Liverpool geçtiğimiz sezon 5-0’la geçtiği Tottenham deplasmanını bu sefer de 3-0’la geçti. Tottenham’ın 2 de 2’sinden sonra bu maçın durumlarını ortaya çıkarmasını bekliyordum. Liverpool maçında direnç gösteremeyerek, yılsonunda 6-8 arasında bir yerde oalcaklarını hissettirdiler. Liverpool’da Sterling Suarez’siz sezonun yıldızı olmaya aday gibi. Balotelli ilk maçında pek etkili olamadı.
Arsenal ileri uç oyuncusu sıkıntısı içinde bu sefer Sanogo’yla başladı. Alexis’in golüyle rahat kaznaacakları düşünülen maçta 1-1’e yakalandıktan sonra gelen fırsatları Sanogo harcadı. Forvet sıkıntısından dolayı 2 puan bıraktılar diyebiliriz. Wellbeck transferi bence iyi bir transfer. Arsene Wenger’in de istediği oyunun içinde sürekli olan bir ileri uç oyuncusu olarak görünüyor.

19 Ağustos 2014 Salı

EPL Day #1

Dün Chelsea’nin 3-1 kazandığı maç sonrası EPL’de ilk hafta maçları tamamlandı. İlk haftaya dair notlar:
1)      Şampiyonluğun en büyük 2 favorisi olarak görülen Chelsea ve City ilk hafta maçlarını en rahat kazanan takımlar oldular
2)      Zor kazanan Arsenal ve Liverpool, futbol olarak beklentileri karşılamadılar.

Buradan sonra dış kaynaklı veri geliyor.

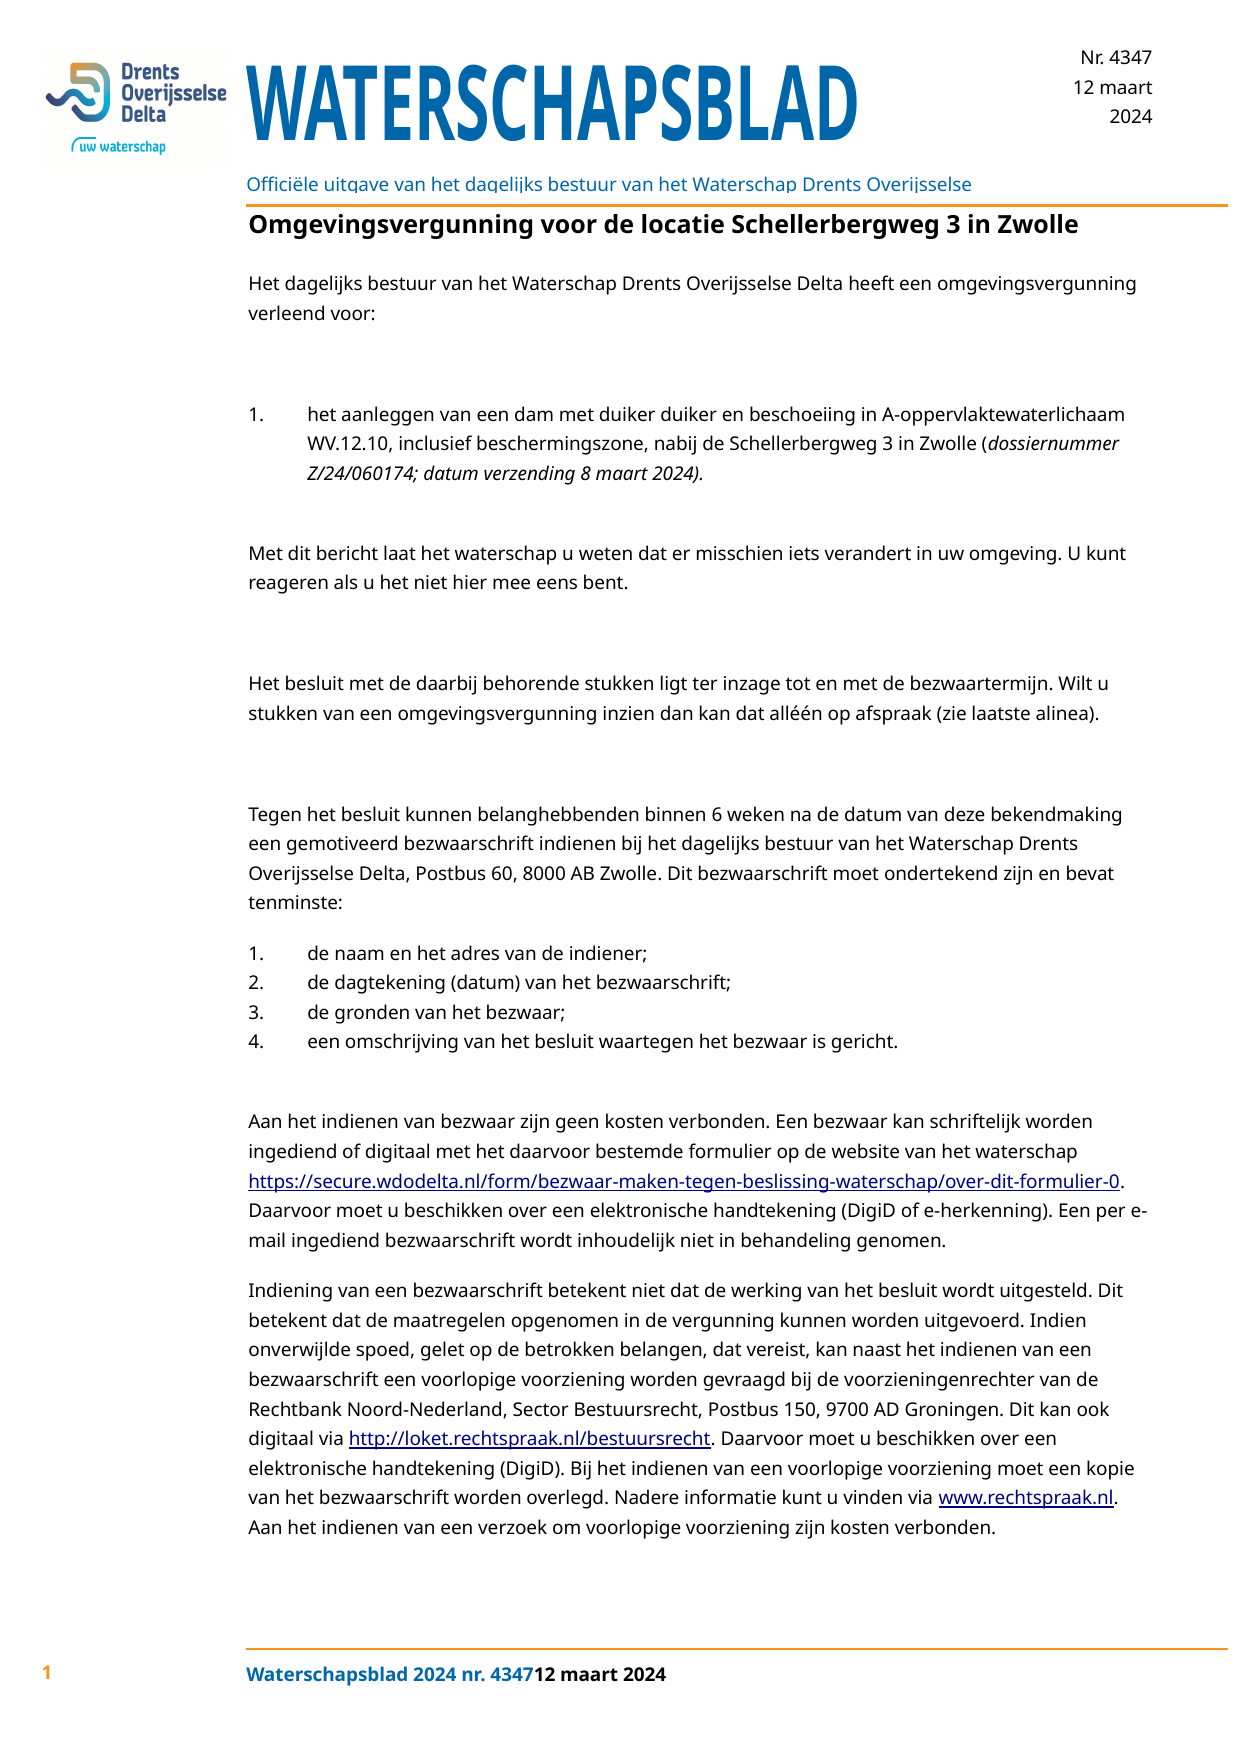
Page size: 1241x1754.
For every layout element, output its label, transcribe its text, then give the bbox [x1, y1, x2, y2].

list de gronden van het bezwaar; [248, 999, 1152, 1025]
list de naam en het adres van de indiener; [248, 940, 1152, 966]
text Aan het indienen van bezwaar zijn geen kosten verbonden. Een bezwaar kan schriftelijk worden ingediend of digitaal met het daarvoor bestemde formulier op de website van het waterschap https://secure.wdodelta.nl/form/bezwaar-maken-tegen-beslissing-waterschap/over-dit-formulier-0. Daarvoor moet u beschikken over een elektronische handtekening (DigiD of e-herkenning). Een per e-mail ingediend bezwaarschrift wordt inhoudelijk niet in behandeling genomen. [248, 1109, 1152, 1253]
text Tegen het besluit kunnen belanghebbenden binnen 6 weken na de datum van deze bekendmaking een gemotiveerd bezwaarschrift indienen bij het dagelijks bestuur van het Waterschap Drents Overijsselse Delta, Postbus 60, 8000 AB Zwolle. Dit bezwaarschrift moet ondertekend zijn en bevat tenminste: [248, 801, 1152, 915]
picture [41, 47, 231, 172]
text Indiening van een bezwaarschrift betekent niet dat de werking van het besluit wordt uitgesteld. Dit betekent dat de maatregelen opgenomen in de vergunning kunnen worden uitgevoerd. Indien onverwijlde spoed, gelet op de betrokken belangen, dat vereist, kan naast het indienen van een bezwaarschrift een voorlopige voorziening worden gevraagd bij de voorzieningenrechter van de Rechtbank Noord-Nederland, Sector Bestuursrecht, Postbus 150, 9700 AD Groningen. Dit kan ook digitaal via http://loket.rechtspraak.nl/bestuursrecht. Daarvoor moet u beschikken over een elektronische handtekening (DigiD). Bij het indienen van een voorlopige voorziening moet een kopie van het bezwaarschrift worden overlegd. Nadere informatie kunt u vinden via www.rechtspraak.nl. Aan het indienen van een verzoek om voorlopige voorziening zijn kosten verbonden. [248, 1277, 1152, 1540]
text Omgevingsvergunning voor de locatie Schellerbergweg 3 in Zwolle [248, 207, 1152, 241]
text Met dit bericht laat het waterschap u weten dat er misschien iets verandert in uw omgeving. U kunt reageren als u het niet hier mee eens bent. [248, 540, 1152, 595]
list de dagtekening (datum) van het bezwaarschrift; [248, 969, 1152, 995]
list een omschrijving van het besluit waartegen het bezwaar is gericht. [248, 1029, 1152, 1054]
text Het dagelijks bestuur van het Waterschap Drents Overijsselse Delta heeft een omgevingsvergunning verleend voor: [248, 270, 1152, 326]
text Het besluit met de daarbij behorende stukken ligt ter inzage tot en met de bezwaartermijn. Wilt u stukken van een omgevingsvergunning inzien dan kan dat alléén op afspraak (zie laatste alinea). [248, 670, 1152, 726]
list het aanleggen van een dam met duiker duiker en beschoeiing in A-oppervlaktewaterlichaam WV.12.10, inclusief beschermingszone, nabij de Schellerbergweg 3 in Zwolle (dossiernummer Z/24/060174; datum verzending 8 maart 2024). [248, 401, 1152, 486]

3)      Arsenal Ramsey’nin taşıdığı bir takım olmaya devam ediyor. Arsenal’den Barcelona’ya gidecek sıradaki futbolcu o olabilir.
4)      Sturridge, Suarez’in yokluğunda daha güçlüyüz dedi ama, doğru olduğuna inanmka güç. Bir kere Suarez yokken kendisi güçlü değil.

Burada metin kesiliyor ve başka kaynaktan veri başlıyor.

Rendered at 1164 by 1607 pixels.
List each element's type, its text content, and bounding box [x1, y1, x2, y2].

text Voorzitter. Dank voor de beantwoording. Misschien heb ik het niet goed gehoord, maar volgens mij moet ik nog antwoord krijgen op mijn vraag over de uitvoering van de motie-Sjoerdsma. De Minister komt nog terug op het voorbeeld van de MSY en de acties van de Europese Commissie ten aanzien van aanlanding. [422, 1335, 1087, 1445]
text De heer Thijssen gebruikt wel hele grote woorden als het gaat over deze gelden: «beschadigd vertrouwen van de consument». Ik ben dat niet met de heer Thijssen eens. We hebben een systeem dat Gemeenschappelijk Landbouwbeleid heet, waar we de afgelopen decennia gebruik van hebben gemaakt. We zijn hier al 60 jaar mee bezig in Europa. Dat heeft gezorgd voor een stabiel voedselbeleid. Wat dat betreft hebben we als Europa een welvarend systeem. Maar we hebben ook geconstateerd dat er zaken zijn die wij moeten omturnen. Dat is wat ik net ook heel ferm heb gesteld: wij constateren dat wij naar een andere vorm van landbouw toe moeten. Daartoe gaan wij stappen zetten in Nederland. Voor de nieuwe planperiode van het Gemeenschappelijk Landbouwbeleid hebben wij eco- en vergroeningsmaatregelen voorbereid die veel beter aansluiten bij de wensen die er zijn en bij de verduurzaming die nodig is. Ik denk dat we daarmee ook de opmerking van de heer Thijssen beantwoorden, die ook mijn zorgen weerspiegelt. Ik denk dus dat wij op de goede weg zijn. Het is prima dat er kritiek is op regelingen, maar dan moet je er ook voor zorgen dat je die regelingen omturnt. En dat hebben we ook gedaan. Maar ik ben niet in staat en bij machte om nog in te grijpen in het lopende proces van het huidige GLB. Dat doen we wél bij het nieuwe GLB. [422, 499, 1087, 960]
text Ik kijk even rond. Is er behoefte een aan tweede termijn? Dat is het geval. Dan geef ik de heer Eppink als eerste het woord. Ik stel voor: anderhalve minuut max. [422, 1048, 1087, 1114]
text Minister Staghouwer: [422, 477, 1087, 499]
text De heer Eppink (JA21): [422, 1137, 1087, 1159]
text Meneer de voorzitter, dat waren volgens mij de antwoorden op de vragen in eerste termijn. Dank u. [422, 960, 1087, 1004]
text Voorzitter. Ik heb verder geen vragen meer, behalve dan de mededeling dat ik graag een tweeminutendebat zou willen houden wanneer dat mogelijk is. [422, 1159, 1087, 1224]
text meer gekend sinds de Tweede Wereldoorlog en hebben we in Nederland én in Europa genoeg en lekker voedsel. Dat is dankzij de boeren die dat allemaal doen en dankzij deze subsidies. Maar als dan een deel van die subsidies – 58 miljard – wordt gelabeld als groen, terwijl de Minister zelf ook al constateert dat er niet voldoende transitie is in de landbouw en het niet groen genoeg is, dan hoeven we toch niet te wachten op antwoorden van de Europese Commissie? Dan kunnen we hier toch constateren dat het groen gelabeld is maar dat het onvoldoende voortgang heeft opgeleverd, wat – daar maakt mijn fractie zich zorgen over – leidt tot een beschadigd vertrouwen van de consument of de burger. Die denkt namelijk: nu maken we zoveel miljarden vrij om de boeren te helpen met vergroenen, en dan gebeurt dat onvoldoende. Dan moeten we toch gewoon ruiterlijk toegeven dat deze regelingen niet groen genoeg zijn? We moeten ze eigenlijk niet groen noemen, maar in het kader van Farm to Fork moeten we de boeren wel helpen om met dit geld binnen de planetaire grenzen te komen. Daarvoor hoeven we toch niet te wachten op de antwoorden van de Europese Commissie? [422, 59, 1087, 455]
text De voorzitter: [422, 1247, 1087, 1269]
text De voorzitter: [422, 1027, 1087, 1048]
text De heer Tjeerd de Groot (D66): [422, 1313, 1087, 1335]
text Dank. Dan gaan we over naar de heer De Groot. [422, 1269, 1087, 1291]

5)      Manu, beklentilerin aksine kötü başladı. Transfer dönemi bitene kadar en az 2 oyuncu alacaklarını garantiledi bu skor. İstikrar abidesi Manu, 1 maç sonucuna bağlı olarak transfere odaklanıyor.

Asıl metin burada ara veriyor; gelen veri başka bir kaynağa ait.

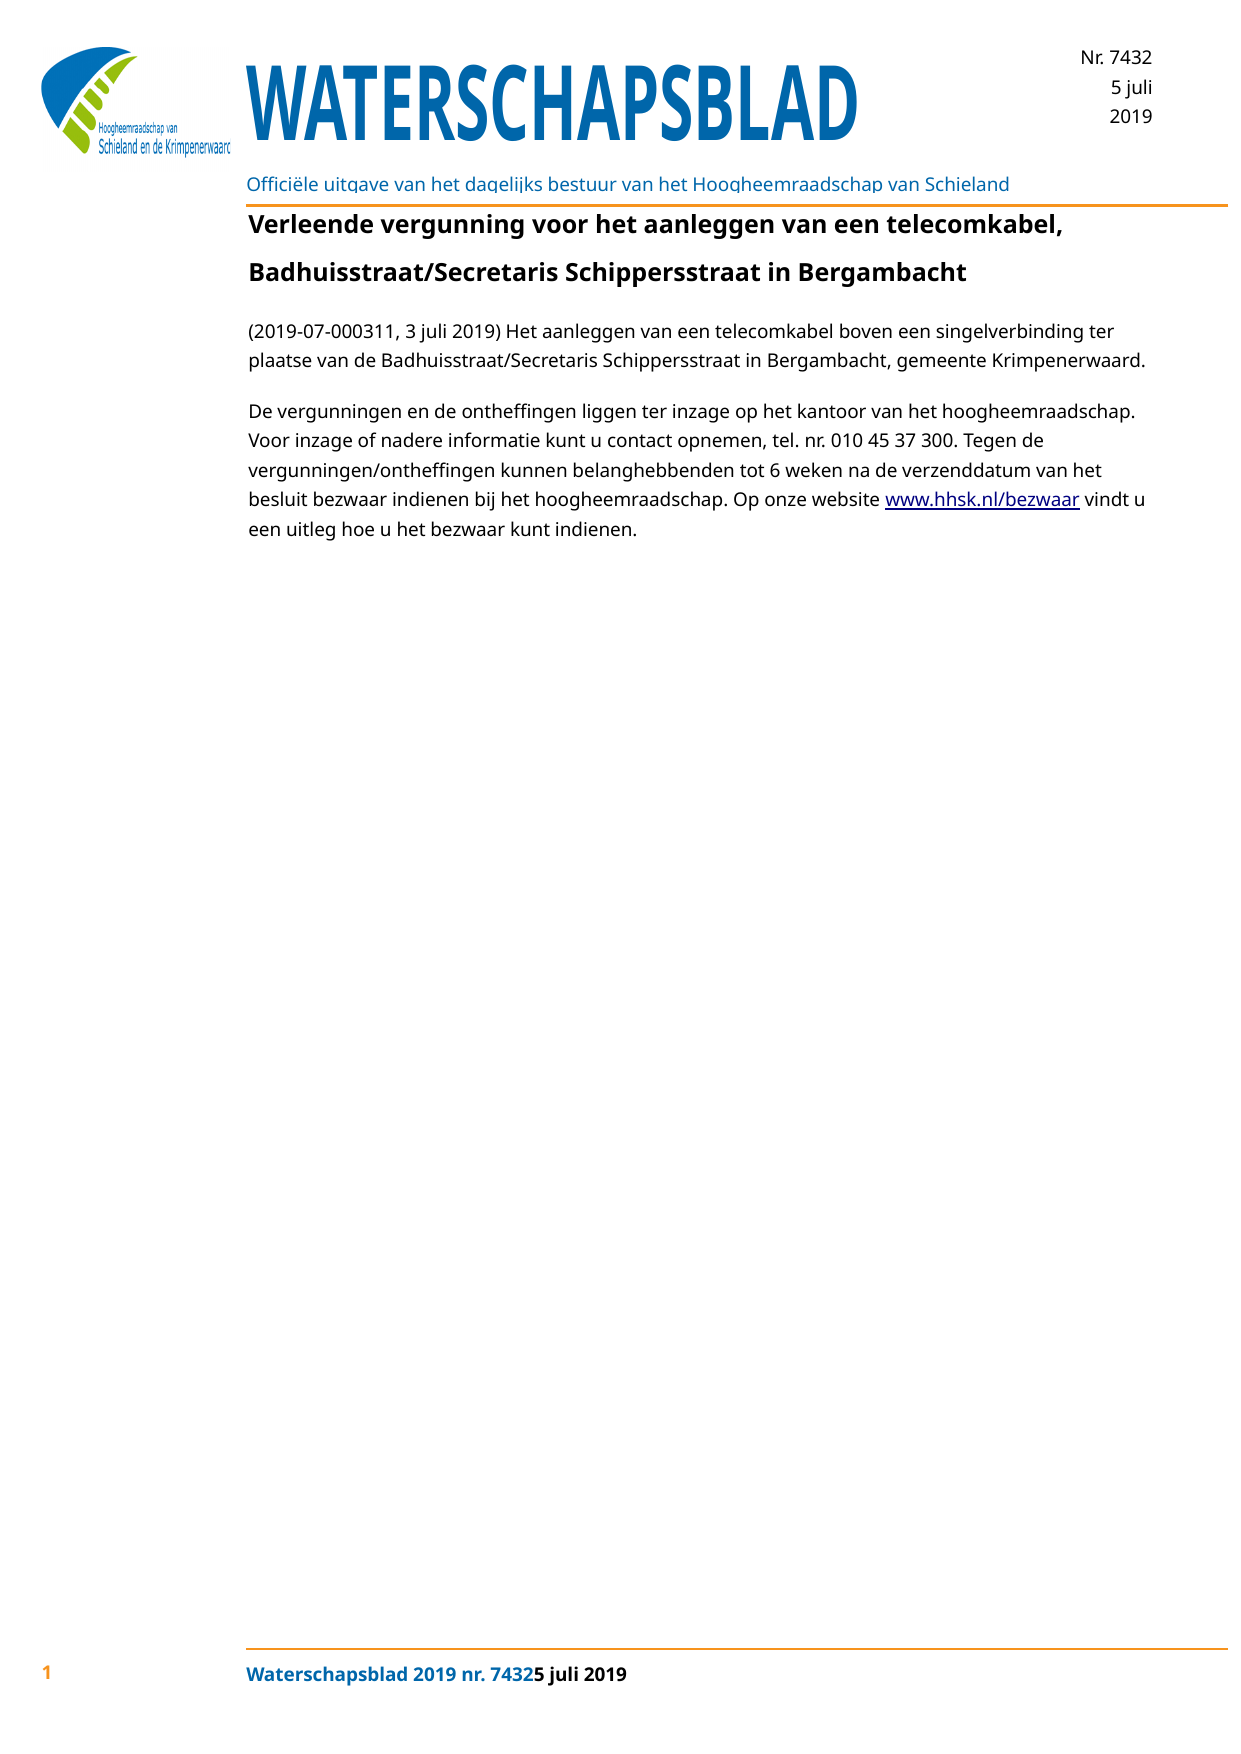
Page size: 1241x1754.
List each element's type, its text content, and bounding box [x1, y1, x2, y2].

text Verleende vergunning voor het aanleggen van een telecomkabel, Badhuisstraat/Secretaris Schippersstraat in Bergambacht [248, 207, 1152, 288]
picture [41, 47, 231, 172]
text De vergunningen en de ontheffingen liggen ter inzage op het kantoor van het hoogheemraadschap. Voor inzage of nadere informatie kunt u contact opnemen, tel. nr. 010 45 37 300. Tegen de vergunningen/ontheffingen kunnen belanghebbenden tot 6 weken na de verzenddatum van het besluit bezwaar indienen bij het hoogheemraadschap. Op onze website www.hhsk.nl/bezwaar vindt u een uitleg hoe u het bezwaar kunt indienen. [248, 398, 1152, 542]
text (2019-07-000311, 3 juli 2019) Het aanleggen van een telecomkabel boven een singelverbinding ter plaatse van de Badhuisstraat/Secretaris Schippersstraat in Bergambacht, gemeente Krimpenerwaard. [248, 318, 1152, 373]

6)      City akışkan futboluna devam edeceğini gösterdi. Ama defansları hücumları kadar iyi değil hala. Mangala’nın takıma girmesini beklemek gerekecek.
7)      Tottenham çok beklenti olmadan girilen sezonda, çok zor bir deplasmandan 45 dk 1 kişi eksik oynamasına rağmen, son dakika golüyle galip geldi. Manu’dan daha iyi gözüktüler. Bu haftaki performansları ilk 4 için ufak da olsa bir umut olabilir.
8)      S’oton da Tottenham gibi şaşırttı. Schneiderlin’in transfer isteğini geri çekip çok iyi bir oyun oynadığı maçta, yeni transfer Tadic de iyi sinyaller verdi. Lallana’nın yerini doldurabilir
9)      Newcastle’da sonradan oyuna giren Ayoze ve Aarons bu sezon etkileyebilecek genç yetenekler olarak göründü.
10)   3 çok iyi asist var. Tadic, Dzeko ve Fabregas.